Je suis simplement heureuse de me réconcilier avec des valeurs que je méprisais, je suis heureuse d’aimer ne pas avoir les moyens de partir (j’entends que la planète dont je suis locataire ne m’autorise plus ce droit, elle ne me le pardonnera pas) : cela permet simplement de remettre l’église au centre du village. Les voyages sont un luxe, même les plus petits : c’est du temps, de l’information, et de l’argent pour se nourrir, se loger et participer au voyage : c’est une consommation de ressources quoi qu’on en dise !

Je ne juge pas non plus les pilotes et les chauffeurs pour qui se déplacer sans arrêt est leur gagne-pain. Le tourisme génère énormément d’emplois, et dans certains pays il nourrit même. Mais c’est justement en voyageant comme un riche dans des pays plus pauvres que devraient nous frapper les inégalités qu’on génère et cautionne malgré nous (même quand on s’offre des vacances de luxe, même quand on s’offre des vacances de pauvres).

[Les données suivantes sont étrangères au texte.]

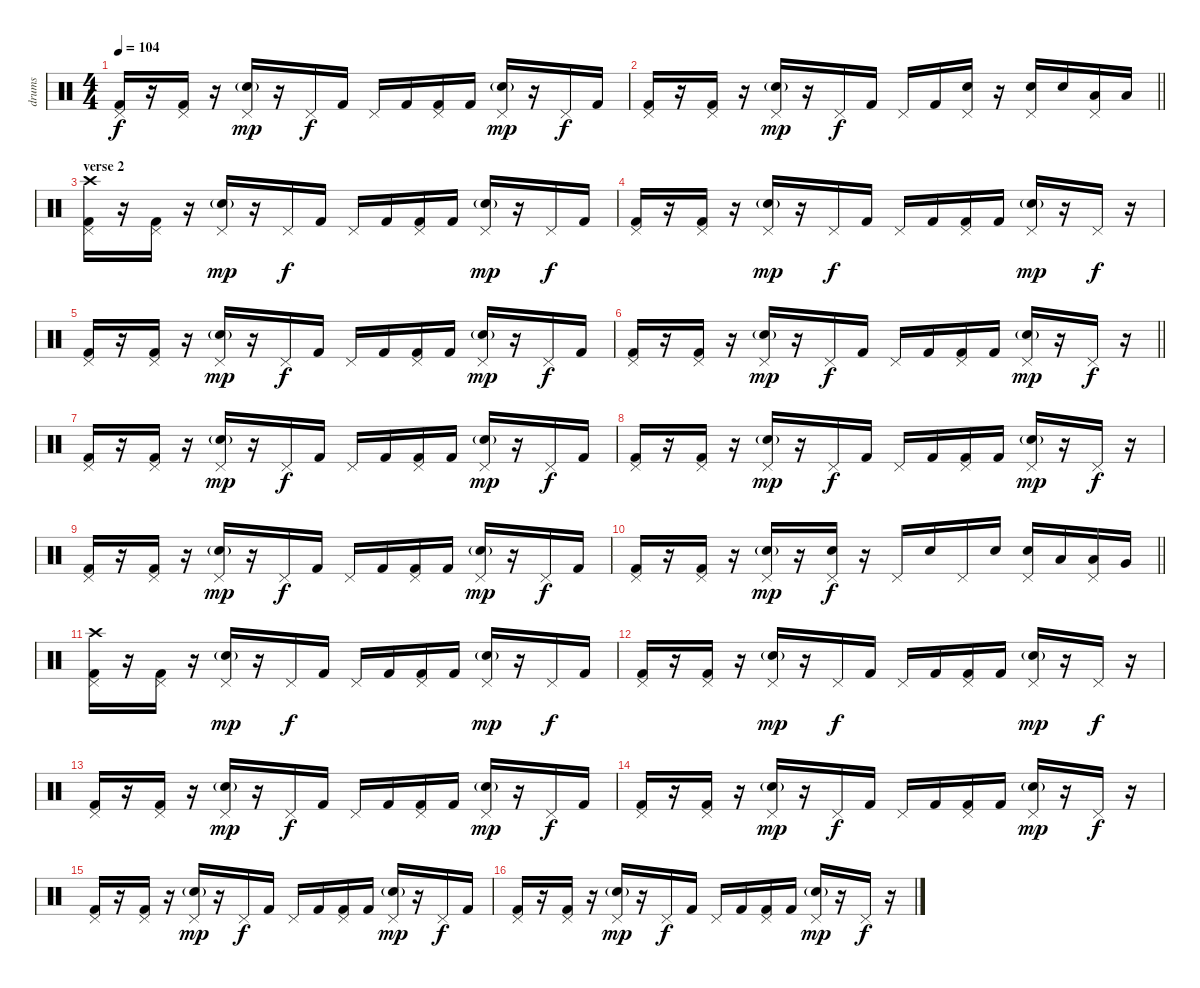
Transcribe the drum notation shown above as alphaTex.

\track ("drums" "drums") {instrument percussion}
\staff {score}
\articulation defaults
\ts (4 4)
\tempo 104
\clef neutral
\ks c
("Kick (hit) 2" "Pedal Hi-Hat (hit)").16{dy f} r.16 ("Kick (hit) 2" "Pedal Hi-Hat (hit)").16 r.16 ("Snare (hit) 2"{g} "Pedal Hi-Hat (hit)").16{dy mp} r.16 "Pedal Hi-Hat (hit)".16{dy f} "Kick (hit) 2".16 "Pedal Hi-Hat (hit)".16 "Kick (hit) 2".16 ("Kick (hit) 2" "Pedal Hi-Hat (hit)").16 "Kick (hit) 2".16 ("Snare (hit) 2"{g} "Pedal Hi-Hat (hit)").16{dy mp} r.16 "Pedal Hi-Hat (hit)".16{dy f} "Kick (hit) 2".16 |
\barLineRight lightlight
("Kick (hit) 2" "Pedal Hi-Hat (hit)").16 r.16 ("Kick (hit) 2" "Pedal Hi-Hat (hit)").16 r.16 ("Snare (hit) 2"{g} "Pedal Hi-Hat (hit)").16{dy mp} r.16 "Pedal Hi-Hat (hit)".16{dy f} "Kick (hit) 2".16 "Pedal Hi-Hat (hit)".16 "Kick (hit) 2".16 ("Snare (hit) 2" "Pedal Hi-Hat (hit)").16 r.16 ("Snare (hit) 2" "Pedal Hi-Hat (hit)").16 "Snare (hit) 2".16 ("Low Tom (hit)" "Pedal Hi-Hat (hit)").16 "Low Tom (hit)".16 |
\section ("" "verse 2")
("Kick (hit) 2" "Pedal Hi-Hat (hit)" "Crash high (hit)").16 r.16 ("Kick (hit) 2" "Pedal Hi-Hat (hit)").16 r.16 ("Snare (hit) 2"{g} "Pedal Hi-Hat (hit)").16{dy mp} r.16 "Pedal Hi-Hat (hit)".16{dy f} "Kick (hit) 2".16 "Pedal Hi-Hat (hit)".16 "Kick (hit) 2".16 ("Kick (hit) 2" "Pedal Hi-Hat (hit)").16 "Kick (hit) 2".16 ("Snare (hit) 2"{g} "Pedal Hi-Hat (hit)").16{dy mp} r.16 "Pedal Hi-Hat (hit)".16{dy f} "Kick (hit) 2".16 |
("Kick (hit) 2" "Pedal Hi-Hat (hit)").16 r.16 ("Kick (hit) 2" "Pedal Hi-Hat (hit)").16 r.16 ("Snare (hit) 2"{g} "Pedal Hi-Hat (hit)").16{dy mp} r.16 "Pedal Hi-Hat (hit)".16{dy f} "Kick (hit) 2".16 "Pedal Hi-Hat (hit)".16 "Kick (hit) 2".16 ("Kick (hit) 2" "Pedal Hi-Hat (hit)").16 "Kick (hit) 2".16 ("Snare (hit) 2"{g} "Pedal Hi-Hat (hit)").16{dy mp} r.16 "Pedal Hi-Hat (hit)".16{dy f} r.16 |
("Kick (hit) 2" "Pedal Hi-Hat (hit)").16 r.16 ("Kick (hit) 2" "Pedal Hi-Hat (hit)").16 r.16 ("Snare (hit) 2"{g} "Pedal Hi-Hat (hit)").16{dy mp} r.16 "Pedal Hi-Hat (hit)".16{dy f} "Kick (hit) 2".16 "Pedal Hi-Hat (hit)".16 "Kick (hit) 2".16 ("Kick (hit) 2" "Pedal Hi-Hat (hit)").16 "Kick (hit) 2".16 ("Snare (hit) 2"{g} "Pedal Hi-Hat (hit)").16{dy mp} r.16 "Pedal Hi-Hat (hit)".16{dy f} "Kick (hit) 2".16 |
\barLineRight lightlight
("Kick (hit) 2" "Pedal Hi-Hat (hit)").16 r.16 ("Kick (hit) 2" "Pedal Hi-Hat (hit)").16 r.16 ("Snare (hit) 2"{g} "Pedal Hi-Hat (hit)").16{dy mp} r.16 "Pedal Hi-Hat (hit)".16{dy f} "Kick (hit) 2".16 "Pedal Hi-Hat (hit)".16 "Kick (hit) 2".16 ("Kick (hit) 2" "Pedal Hi-Hat (hit)").16 "Kick (hit) 2".16 ("Snare (hit) 2"{g} "Pedal Hi-Hat (hit)").16{dy mp} r.16 "Pedal Hi-Hat (hit)".16{dy f} r.16 |
("Kick (hit) 2" "Pedal Hi-Hat (hit)").16 r.16 ("Kick (hit) 2" "Pedal Hi-Hat (hit)").16 r.16 ("Snare (hit) 2"{g} "Pedal Hi-Hat (hit)").16{dy mp} r.16 "Pedal Hi-Hat (hit)".16{dy f} "Kick (hit) 2".16 "Pedal Hi-Hat (hit)".16 "Kick (hit) 2".16 ("Kick (hit) 2" "Pedal Hi-Hat (hit)").16 "Kick (hit) 2".16 ("Snare (hit) 2"{g} "Pedal Hi-Hat (hit)").16{dy mp} r.16 "Pedal Hi-Hat (hit)".16{dy f} "Kick (hit) 2".16 |
("Kick (hit) 2" "Pedal Hi-Hat (hit)").16 r.16 ("Kick (hit) 2" "Pedal Hi-Hat (hit)").16 r.16 ("Snare (hit) 2"{g} "Pedal Hi-Hat (hit)").16{dy mp} r.16 "Pedal Hi-Hat (hit)".16{dy f} "Kick (hit) 2".16 "Pedal Hi-Hat (hit)".16 "Kick (hit) 2".16 ("Kick (hit) 2" "Pedal Hi-Hat (hit)").16 "Kick (hit) 2".16 ("Snare (hit) 2"{g} "Pedal Hi-Hat (hit)").16{dy mp} r.16 "Pedal Hi-Hat (hit)".16{dy f} r.16 |
("Kick (hit) 2" "Pedal Hi-Hat (hit)").16 r.16 ("Kick (hit) 2" "Pedal Hi-Hat (hit)").16 r.16 ("Snare (hit) 2"{g} "Pedal Hi-Hat (hit)").16{dy mp} r.16 "Pedal Hi-Hat (hit)".16{dy f} "Kick (hit) 2".16 "Pedal Hi-Hat (hit)".16 "Kick (hit) 2".16 ("Kick (hit) 2" "Pedal Hi-Hat (hit)").16 "Kick (hit) 2".16 ("Snare (hit) 2"{g} "Pedal Hi-Hat (hit)").16{dy mp} r.16 "Pedal Hi-Hat (hit)".16{dy f} "Kick (hit) 2".16 |
\barLineRight lightlight
("Kick (hit) 2" "Pedal Hi-Hat (hit)").16 r.16 ("Kick (hit) 2" "Pedal Hi-Hat (hit)").16 r.16 ("Snare (hit) 2"{g} "Pedal Hi-Hat (hit)").16{dy mp} r.16 ("Snare (hit) 2" "Pedal Hi-Hat (hit)").16{dy f} r.16 "Pedal Hi-Hat (hit)".16 "Snare (hit) 2".16 "Pedal Hi-Hat (hit)".16 "Snare (hit) 2".16 ("Snare (hit) 2" "Pedal Hi-Hat (hit)").16 "Low Tom (hit)".16 ("Low Tom (hit)" "Pedal Hi-Hat (hit)").16 "Very Low Tom (hit)".16 |
("Kick (hit) 2" "Pedal Hi-Hat (hit)" "Crash high (hit)").16 r.16 ("Kick (hit) 2" "Pedal Hi-Hat (hit)").16 r.16 ("Snare (hit) 2"{g} "Pedal Hi-Hat (hit)").16{dy mp} r.16 "Pedal Hi-Hat (hit)".16{dy f} "Kick (hit) 2".16 "Pedal Hi-Hat (hit)".16 "Kick (hit) 2".16 ("Kick (hit) 2" "Pedal Hi-Hat (hit)").16 "Kick (hit) 2".16 ("Snare (hit) 2"{g} "Pedal Hi-Hat (hit)").16{dy mp} r.16 "Pedal Hi-Hat (hit)".16{dy f} "Kick (hit) 2".16 |
("Kick (hit) 2" "Pedal Hi-Hat (hit)").16 r.16 ("Kick (hit) 2" "Pedal Hi-Hat (hit)").16 r.16 ("Snare (hit) 2"{g} "Pedal Hi-Hat (hit)").16{dy mp} r.16 "Pedal Hi-Hat (hit)".16{dy f} "Kick (hit) 2".16 "Pedal Hi-Hat (hit)".16 "Kick (hit) 2".16 ("Kick (hit) 2" "Pedal Hi-Hat (hit)").16 "Kick (hit) 2".16 ("Snare (hit) 2"{g} "Pedal Hi-Hat (hit)").16{dy mp} r.16 "Pedal Hi-Hat (hit)".16{dy f} r.16 |
("Kick (hit) 2" "Pedal Hi-Hat (hit)").16 r.16 ("Kick (hit) 2" "Pedal Hi-Hat (hit)").16 r.16 ("Snare (hit) 2"{g} "Pedal Hi-Hat (hit)").16{dy mp} r.16 "Pedal Hi-Hat (hit)".16{dy f} "Kick (hit) 2".16 "Pedal Hi-Hat (hit)".16 "Kick (hit) 2".16 ("Kick (hit) 2" "Pedal Hi-Hat (hit)").16 "Kick (hit) 2".16 ("Snare (hit) 2"{g} "Pedal Hi-Hat (hit)").16{dy mp} r.16 "Pedal Hi-Hat (hit)".16{dy f} "Kick (hit) 2".16 |
("Kick (hit) 2" "Pedal Hi-Hat (hit)").16 r.16 ("Kick (hit) 2" "Pedal Hi-Hat (hit)").16 r.16 ("Snare (hit) 2"{g} "Pedal Hi-Hat (hit)").16{dy mp} r.16 "Pedal Hi-Hat (hit)".16{dy f} "Kick (hit) 2".16 "Pedal Hi-Hat (hit)".16 "Kick (hit) 2".16 ("Kick (hit) 2" "Pedal Hi-Hat (hit)").16 "Kick (hit) 2".16 ("Snare (hit) 2"{g} "Pedal Hi-Hat (hit)").16{dy mp} r.16 "Pedal Hi-Hat (hit)".16{dy f} r.16 |
("Kick (hit) 2" "Pedal Hi-Hat (hit)").16 r.16 ("Kick (hit) 2" "Pedal Hi-Hat (hit)").16 r.16 ("Snare (hit) 2"{g} "Pedal Hi-Hat (hit)").16{dy mp} r.16 "Pedal Hi-Hat (hit)".16{dy f} "Kick (hit) 2".16 "Pedal Hi-Hat (hit)".16 "Kick (hit) 2".16 ("Kick (hit) 2" "Pedal Hi-Hat (hit)").16 "Kick (hit) 2".16 ("Snare (hit) 2"{g} "Pedal Hi-Hat (hit)").16{dy mp} r.16 "Pedal Hi-Hat (hit)".16{dy f} "Kick (hit) 2".16 |
("Kick (hit) 2" "Pedal Hi-Hat (hit)").16 r.16 ("Kick (hit) 2" "Pedal Hi-Hat (hit)").16 r.16 ("Snare (hit) 2"{g} "Pedal Hi-Hat (hit)").16{dy mp} r.16 "Pedal Hi-Hat (hit)".16{dy f} "Kick (hit) 2".16 "Pedal Hi-Hat (hit)".16 "Kick (hit) 2".16 ("Kick (hit) 2" "Pedal Hi-Hat (hit)").16 "Kick (hit) 2".16 ("Snare (hit) 2"{g} "Pedal Hi-Hat (hit)").16{dy mp} r.16 "Pedal Hi-Hat (hit)".16{dy f} r.16

Je suis pressée de prendre le train, plus souvent, plus longtemps, avec mon vélo, voire de louer un vélo s’il le faut : je suis pressée de vivre des vacances comme j’ai toujours vécu, sans plus jamais penser égoïstement et aveuglément. Je sais d’avance que je ne verrais pas certains pays ni certains continents et je m’en sens presque soulagée. Je suis heureuse que d’autres aient pu et peuvent encore le faire, cela me permet malgré tout de voyager, de m’informer et de m’inspirer, s’ils ont les moyens de voyager en conscience et responsabilité.